"Now let's see how good you are at packing," said Thorne, when the last man had done his best or worst. "Jack," he told young Pollock, "you go up in the pasture and catch me up that old white pack mare. She's warranted to stand like a rock."

While the boy was gone on this errand, Thorne rummaged the camp. Finally he laid out on the ground about a peck of loose potatoes, miscellaneous provisions, a kettle, frying-pan, coffee-pot, tin plates, cutlery, a single sack of barley, a pick and shovel, and a coil of rope.

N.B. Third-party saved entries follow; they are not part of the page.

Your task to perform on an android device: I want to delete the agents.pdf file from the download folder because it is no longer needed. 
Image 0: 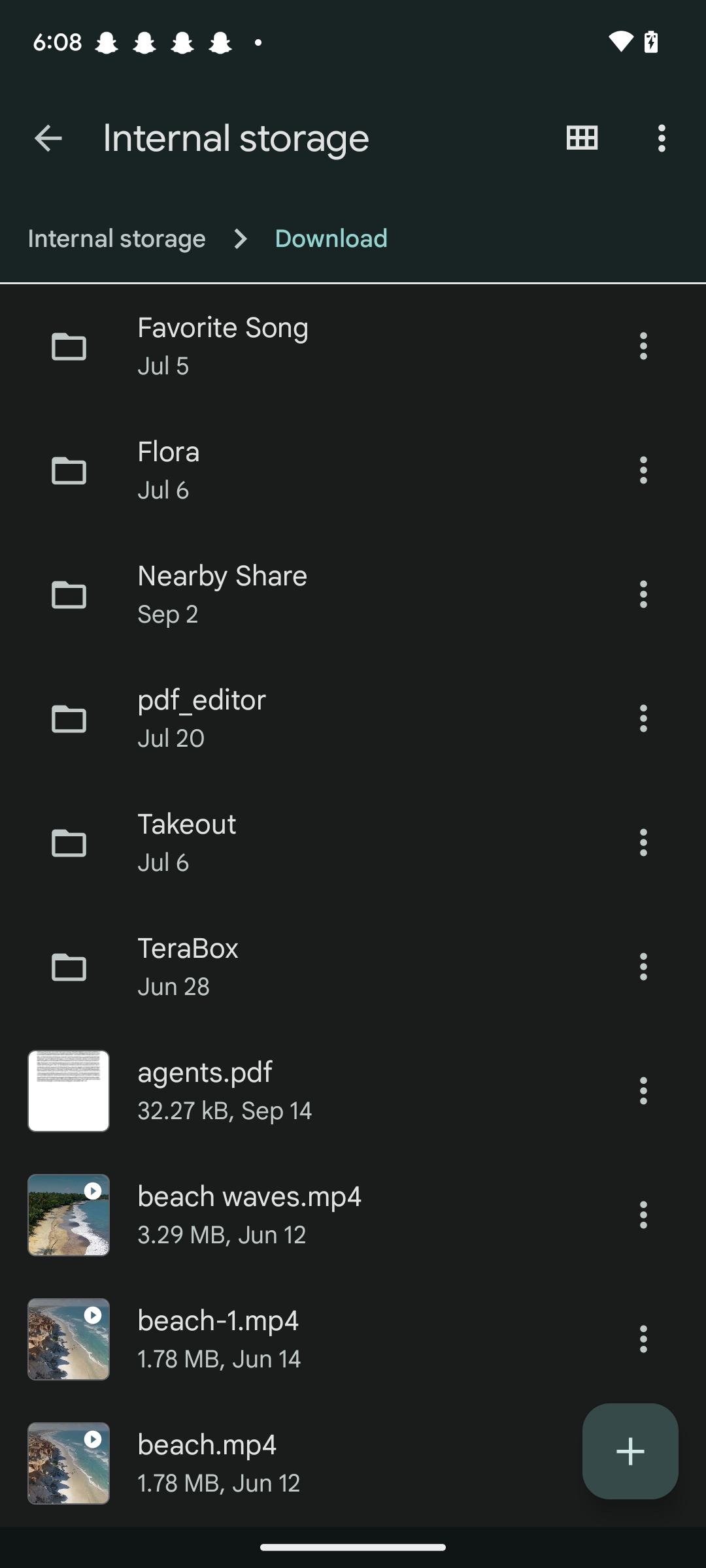
Click on the three dots icon next to the agents.pdf file
Step 0: click (643, 1090)
Image 1: 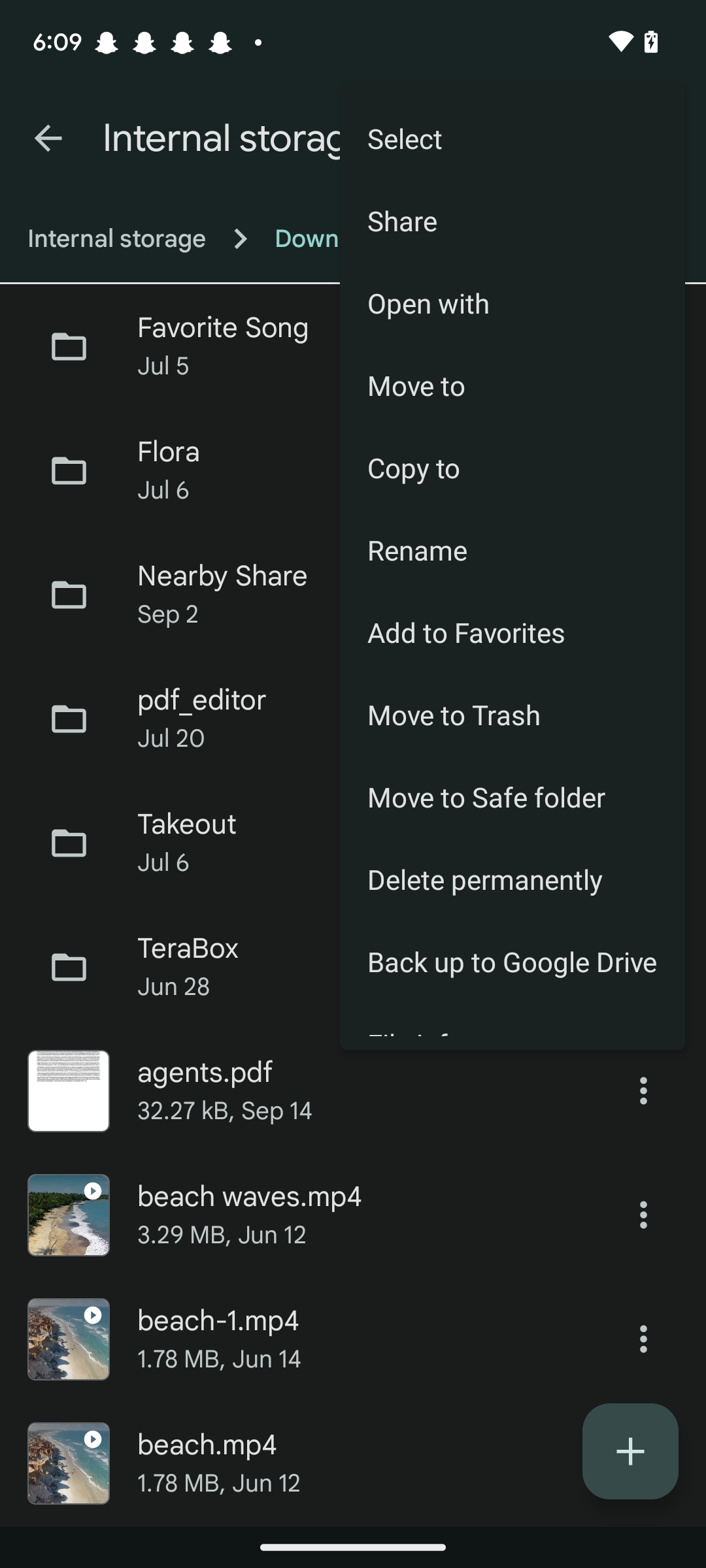
Click on the delete permanently option
Step 1: click (512, 879)
Image 2: 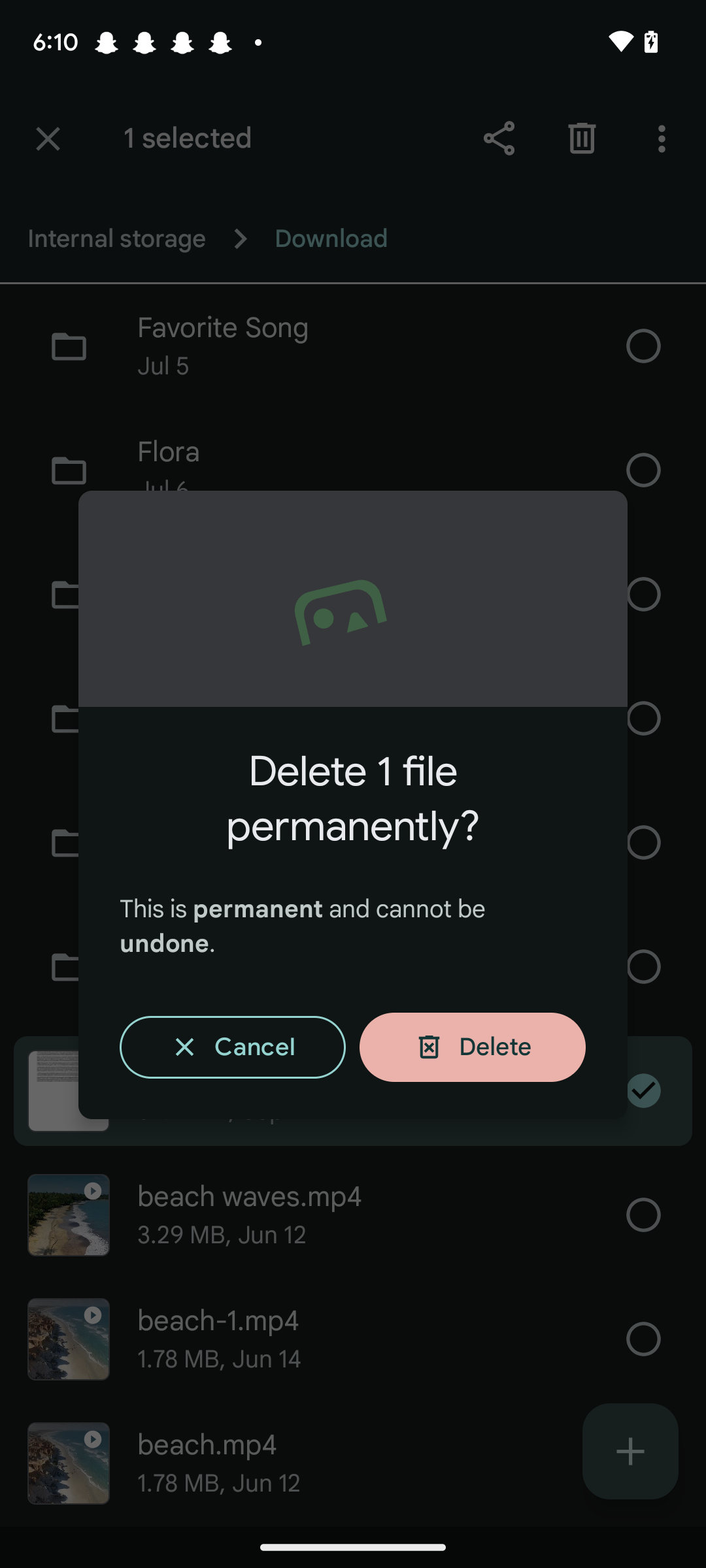
Click on the delete button
Step 2: click (472, 1047)
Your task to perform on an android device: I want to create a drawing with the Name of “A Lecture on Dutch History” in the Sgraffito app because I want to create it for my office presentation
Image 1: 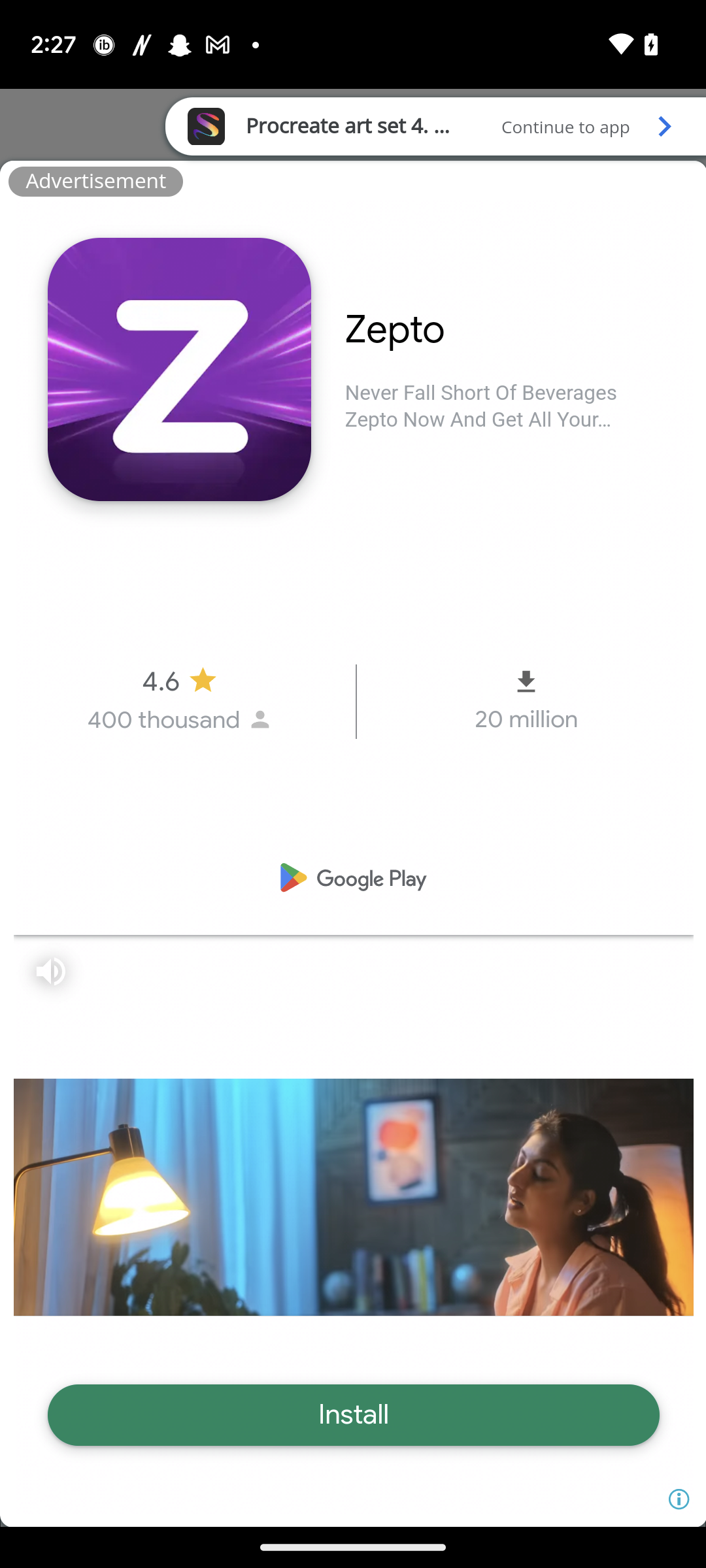
Open the Sgraffito app
Step 1: wait
Image 2: 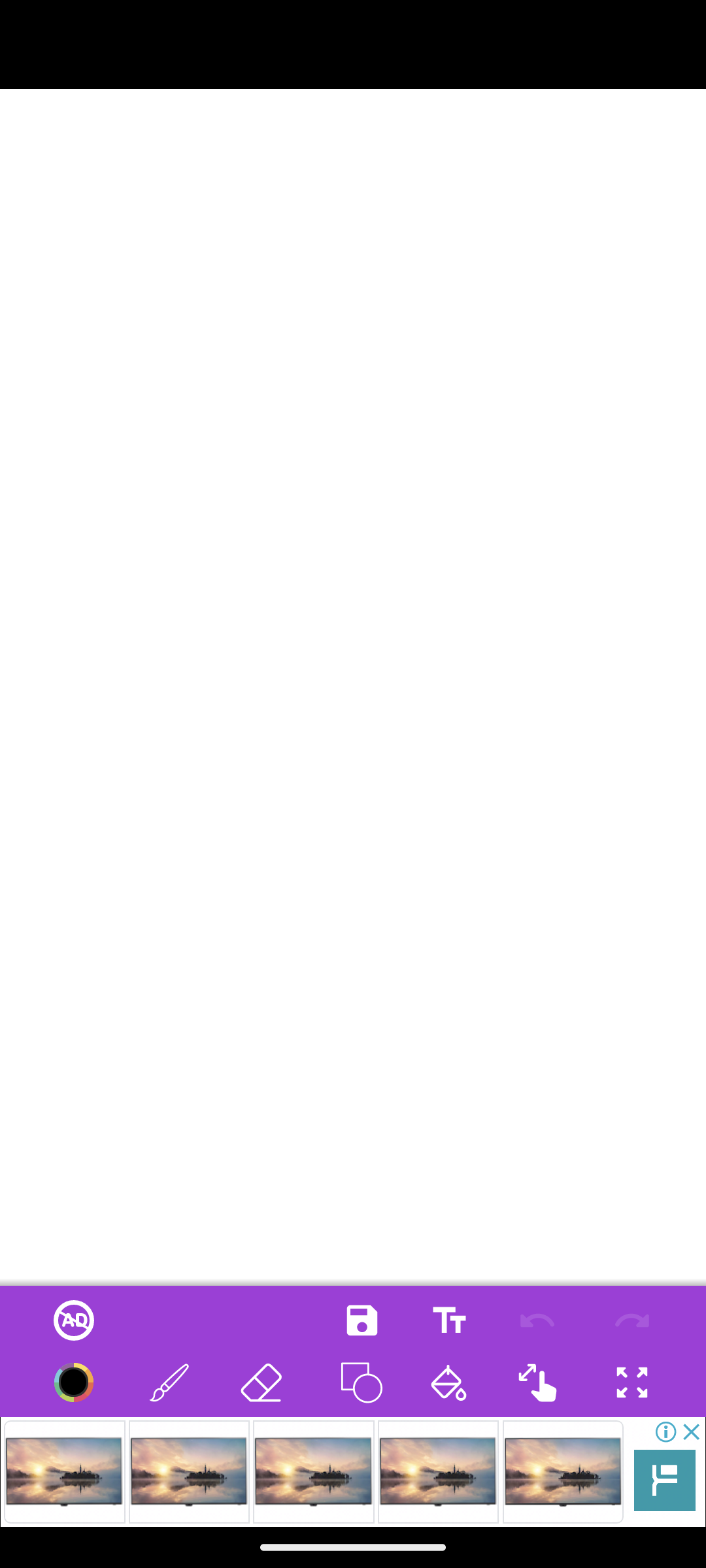
Click on the Tt icon 
Step 2: click (441, 1309)
Image 3: 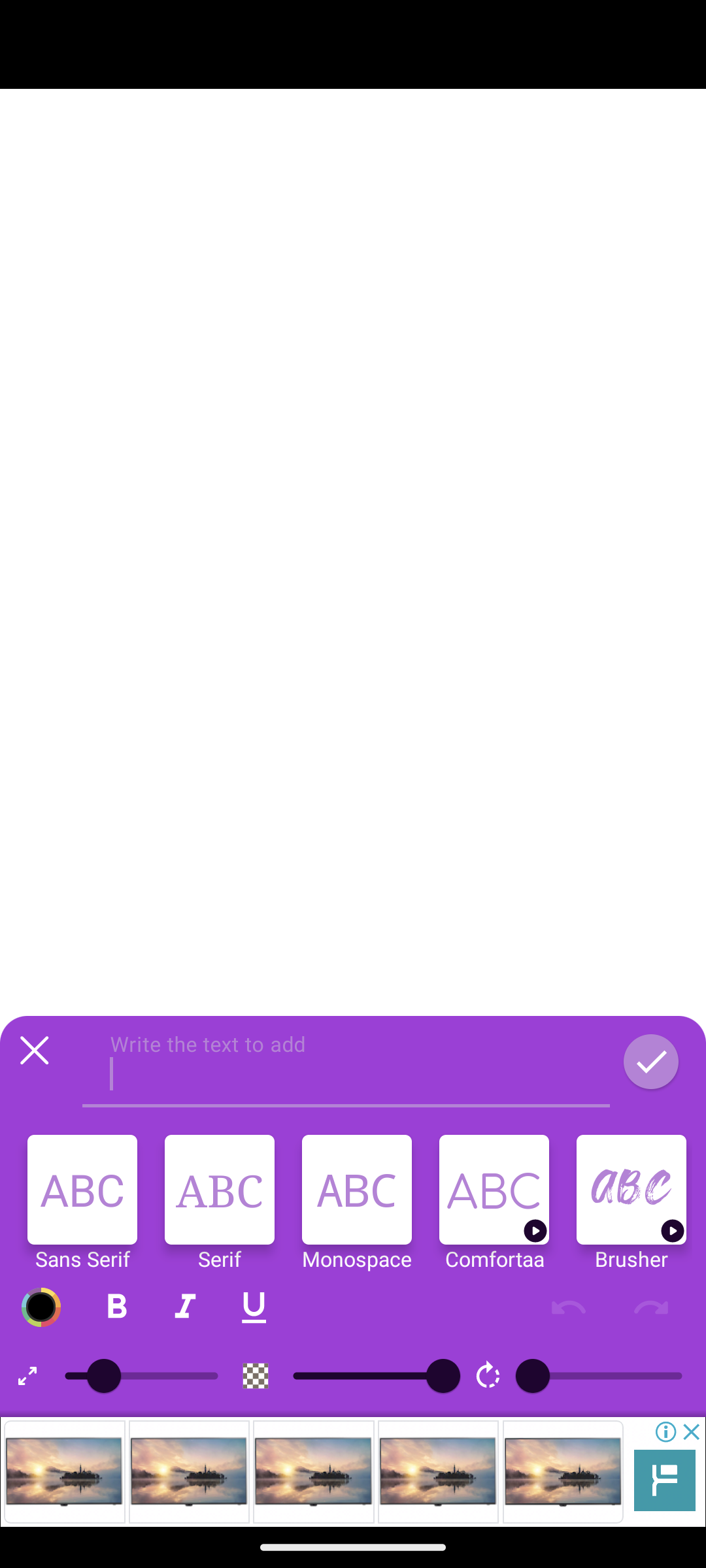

"That looks like a reasonable camp outfit," remarked Thorne. "Just throw one of those pack saddles on her," he told Jack Pollock, who led up the white mare. "Now you boys all retire; you mustn't have a chance to learn from the other fellow. Hicks, you stay. Now pack that stuff on that horse. I'll time you."

Hicks looked about him.

"Where's the kyacks?[[3]]" he demanded.

"You don't get any kyacks," stated Thorne crisply.

"Got to pack all that stuff without 'em?"

"Sure."

Hicks set methodically to work, gathering up the loose articles, thrusting them into sacks, lashing the sacks on the crossbuck saddle. At the end of a half-hour, he stepped back.

"That might ride—for a while," said Thorne.